10. Michele Fucking Bachmann, again. She can dish it out, but she can’t take it? Surprise! Meet Quitbull 2.0. And speaking of Quitbull…

palin-fos.jpg

11. Sarah Fucking Palin, again. She “can win in 2012”, but she hasn’t even decided IF she’s going to run yet? I guess she’s trying to change her image from Quitbull to Mrs. Dithers. PS: Hey Sawah, if you can win, how come you lost the last federal election, where you were only the VP candidate? PS: Look who inherited the dithering gene from her mother. Kinda sorta.

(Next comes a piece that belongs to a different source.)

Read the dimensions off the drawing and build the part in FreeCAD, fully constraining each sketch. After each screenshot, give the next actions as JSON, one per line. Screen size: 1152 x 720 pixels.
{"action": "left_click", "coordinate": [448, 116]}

12. Linda Fucking Harvey. Wow, talk about creative! She figured out a way to combine homophobia, wacky superstition, and union-busting — all in one big fugly package of willful misinterpretation! Now, if only she could learn how to découpage…and STFU.

13. Raymond Fucking Wieczorek. Birth control is a “party”? Hardly. It’s ordinary, mundane, daily, bread-and-butter stuff, no more party-like than brushing your teeth. Unwanted pregnancy, on the other hand, is like a jail sentence. But what would a man (who is totally sexually unappealing) know about that?

14. Laura Fucking Fotusky. She had to choose between doing her job…and being superstitious and presumptuous. She chose the latter. Well, GOOD. Because by refusing to perform same-sex marriages (newly legal in New York) on grounds of religion, she freed the job up for some willing soul who’s actually QUALIFIED to do it! Now, if she could only do so without a parting sermon. THAT was the wank.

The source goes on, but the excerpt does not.